In previous iterations of jruby-ehcache we took the approach of providing Ruby wrapper classes to encapsulate the functionality of Ehcache behind a nice Ruby interface. This had the advantage of making the API more idiomatic to Ruby, but it also meant that we did not provide full API coverage and that any time the Ehcache API changed we also had to update our Ruby wrapper API to accommodate the changes. As you can imagine, we weren't entirely satisfied with this approach and so went in search of a better mechanism. It turns out that JRuby's Java integration combined with Ruby's dynamic open classes provide exactly what we need for this.

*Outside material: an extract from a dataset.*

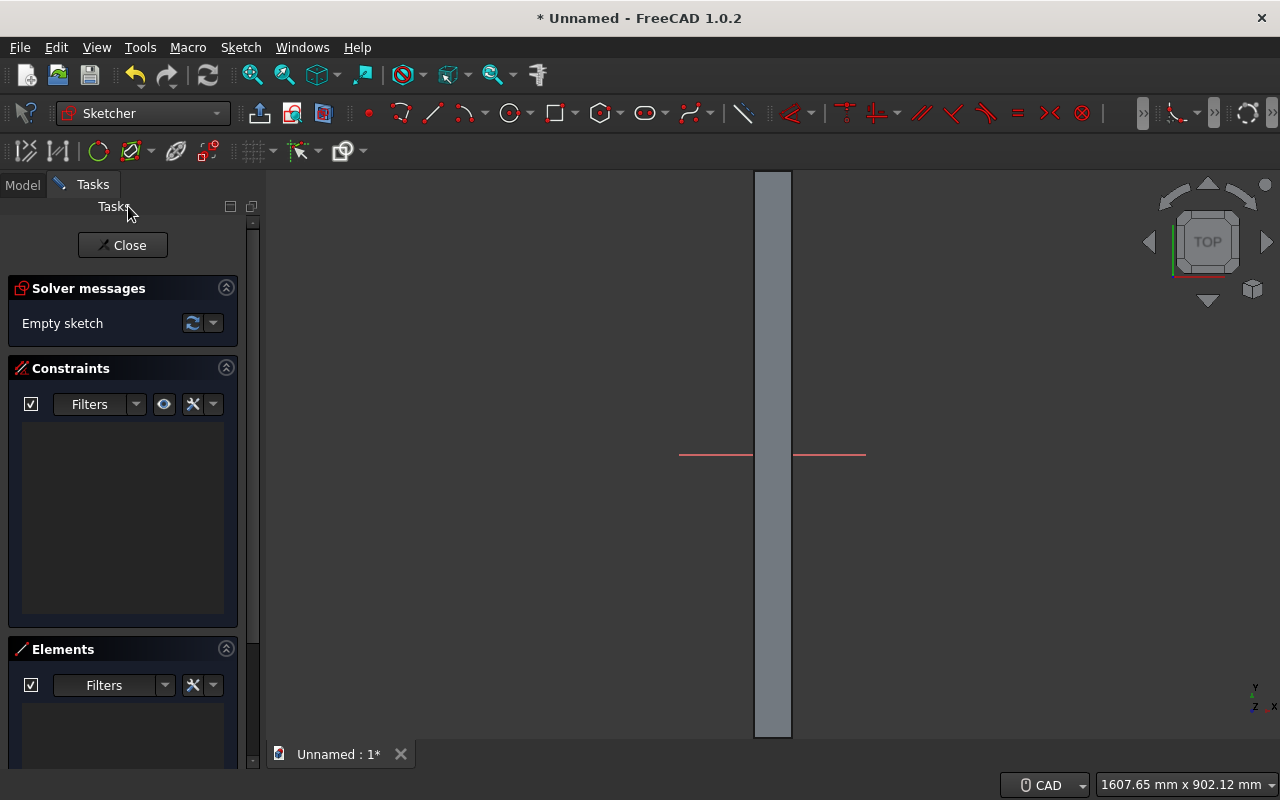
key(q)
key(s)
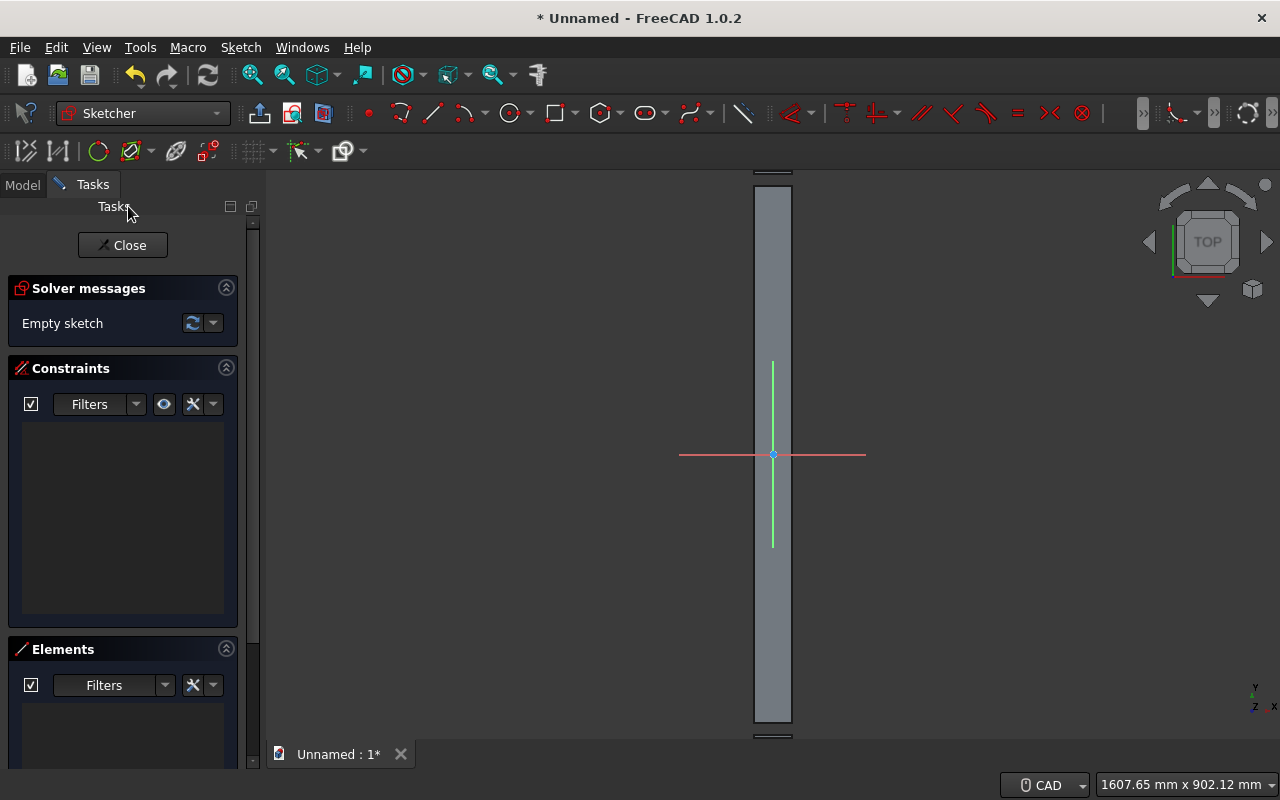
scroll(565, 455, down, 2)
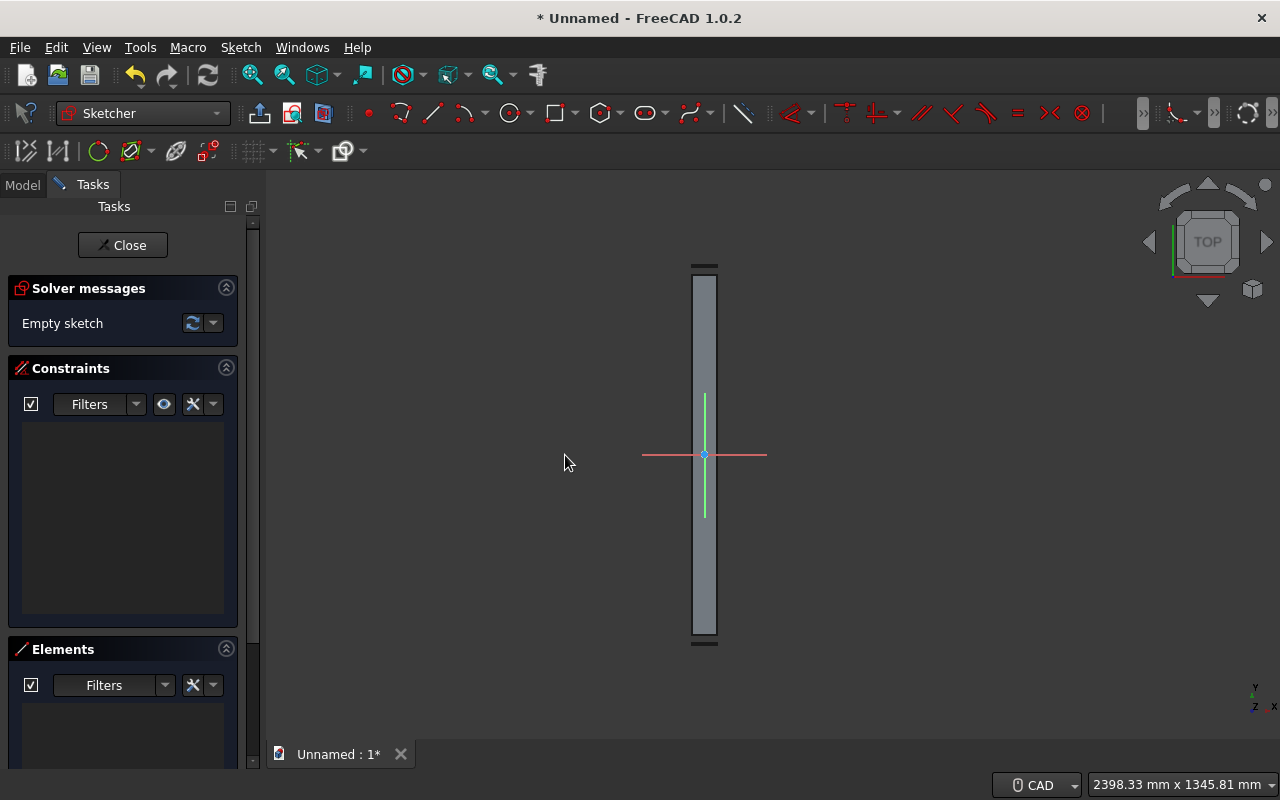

The Java integration provided by JRuby makes it incredibly easy to use any Java API from Ruby code. All that is required is adding a simple require 'java' to your Ruby code and the whole of the Java landscape is opened up to you. We built on top of this in the latest jruby-ehcache gem by having the gem automatically set up the CLASSPATH and invoke require 'java'for you, and now with one line of code you instantly have the complete Ehcache API available to your Ruby application:

require 'ehcache'

With that one line of code in place, you can now use any part of the Ehcache API just as you would in a Java application, and JRuby even provides some extra niceties to make the Java API more Ruby-friendly:

require 'ehcache'
  cache_manager =
  cache = cache_manager.getCache("myCache")
  cache.put("answer", "42")
  answer = cache.get("answer")  # Returns Ehcache Element object
  puts "Answer: #{answer.value}"
  question = cache.get("question") # Returns nil
  if question
    puts "Question: #{question.value}"
    puts "I don't know the question"

I won't cover every detail of JRuby Java integration (see Calling Java From Ruby on the JRuby wiki for full details), but I do want to point out a couple of important details. First, notice how Java classes are referenced from Ruby code. The expression Java::NetSfEhcache::CacheManager is a reference to the Java class net.sf.ehcache.CacheManager. More generally, any Java class can be accessed within the Java module by transforming the package path by removing the dots and converting to CamelCase. Second, JRuby performs some magic to convert Java method names and JavaBeans property accessors to more Ruby-like equivalents. Thus, you can call the getCache method in any of three ways: getCache, get_cache, or simply cache.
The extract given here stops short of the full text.